The canned fish origins from the same food producer as the Swedish pea soup that caused my two South African crew’s faces turning green and plaguing them with a 36-hour long nausea early in the race. (as a Scandinavian, we are not familiar with the word sea sickness, so I certainly attribute their sickness to their lack of appreciating Swedish food).
Anyway, the threat seems to have had an effect, as Andrew is now trolling pretty much everything we have on board, that even looks like a hook behind the boat…
His favourite lure is a pink plastic squid wrapped in plastic stripes with the Union Jack colours.

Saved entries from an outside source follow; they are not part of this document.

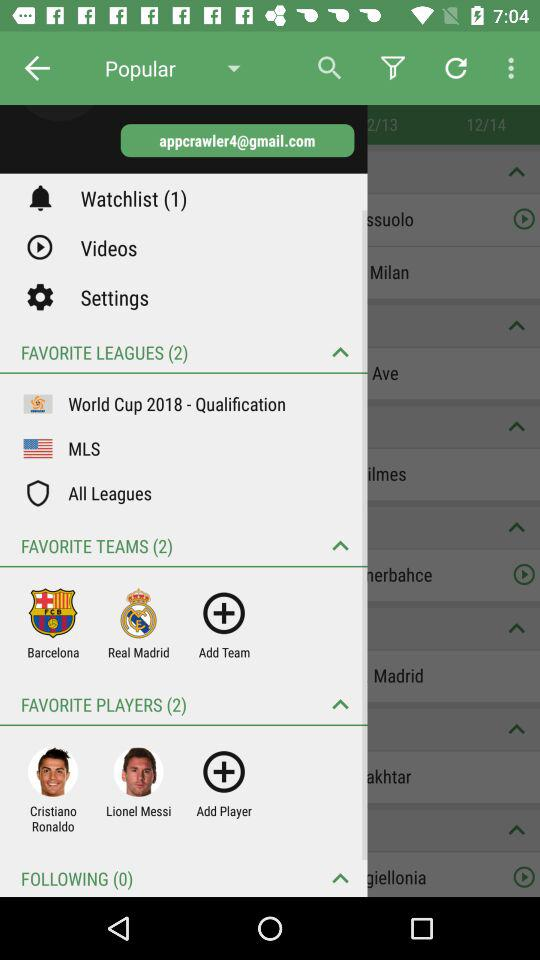How many more favorite players do I have than followings?
Answer the question using a single word or phrase. 2 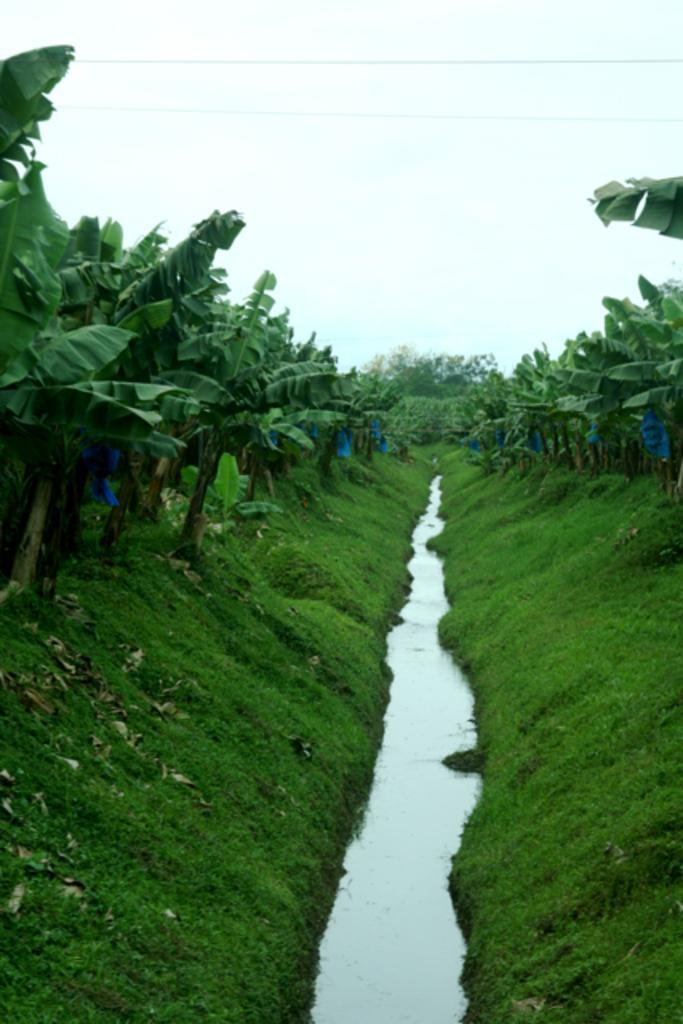In one or two sentences, can you explain what this image depicts? In this image we can see some trees, water, grass and leaves, in the background, we can see the sky. 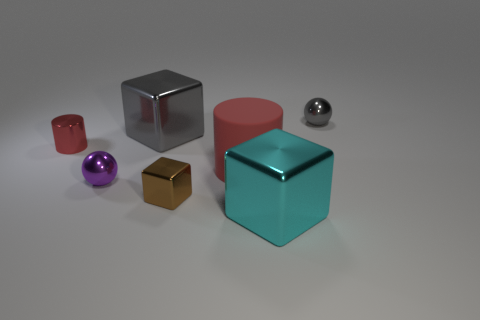Do the small shiny cylinder and the cylinder in front of the metal cylinder have the same color?
Your answer should be compact. Yes. What number of cylinders are large gray metal objects or large gray matte objects?
Give a very brief answer. 0. There is a shiny sphere that is behind the large thing on the left side of the red matte cylinder that is left of the large cyan block; what is its size?
Offer a very short reply. Small. Are there any matte objects left of the red rubber object?
Your response must be concise. No. What number of objects are tiny shiny things that are behind the tiny red shiny object or large red matte things?
Your answer should be very brief. 2. What size is the cyan cube that is the same material as the small purple thing?
Your answer should be very brief. Large. There is a brown cube; is its size the same as the gray metallic thing that is on the left side of the large cyan shiny thing?
Make the answer very short. No. What color is the metallic block that is both in front of the large rubber cylinder and on the left side of the rubber thing?
Offer a very short reply. Brown. What number of objects are either shiny balls that are in front of the big gray shiny cube or big cubes that are in front of the purple metal sphere?
Give a very brief answer. 2. There is a cylinder that is in front of the red cylinder to the left of the gray object that is to the left of the large cyan object; what color is it?
Provide a short and direct response. Red. 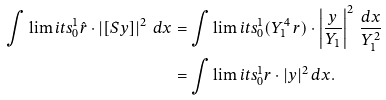Convert formula to latex. <formula><loc_0><loc_0><loc_500><loc_500>& & \int \lim i t s _ { 0 } ^ { 1 } \hat { r } \cdot \left | [ S y ] \right | ^ { 2 } \, d x & = \int \lim i t s _ { 0 } ^ { 1 } ( Y _ { 1 } ^ { 4 } \, r ) \cdot \left | \frac { y } { Y _ { 1 } } \right | ^ { 2 } \, \frac { d x } { Y _ { 1 } ^ { 2 } } & & \\ & & & = \int \lim i t s _ { 0 } ^ { 1 } r \cdot | y | ^ { 2 } \, d x .</formula> 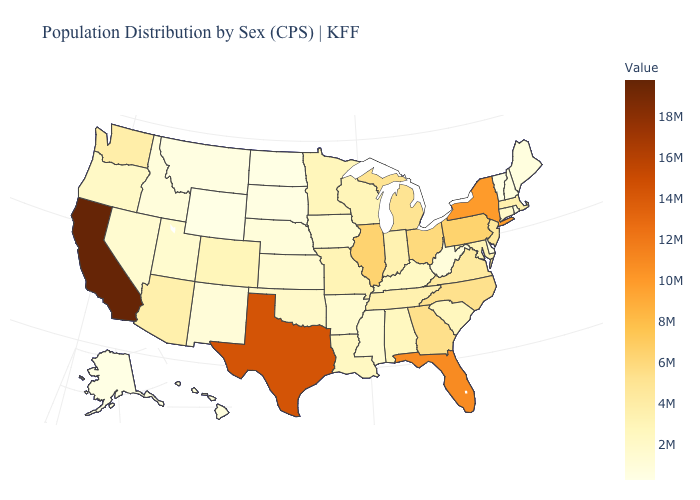Does California have the highest value in the USA?
Quick response, please. Yes. Does Ohio have the highest value in the MidWest?
Short answer required. No. Which states have the lowest value in the USA?
Keep it brief. Wyoming. Which states have the lowest value in the USA?
Give a very brief answer. Wyoming.

Should that lure catch a fish, then I doubt that, that fish is even edible…
Well, that’s is all the excitement we have on Fryd right now.
Cheers
Jarl on Fryd
Flica
We have had a delightful few days sailing in lighter breezes and a settled sea. The cloud cover the last few nights was not as dense and so we got to see some stars and a sickle moon, which has made the night watches much more pleasant. Wind very light today.
All is well on board and we are now well settled in to the rhythm of life at sea. We are all catching on sleep and feeling much revived and less grumpy as a result. We have around 530 nautical miles to the finish, so we expect to finish on Wednesday the 7th December If the weather plays along . Looking forward to a few cold beers and a hot shower on arrival!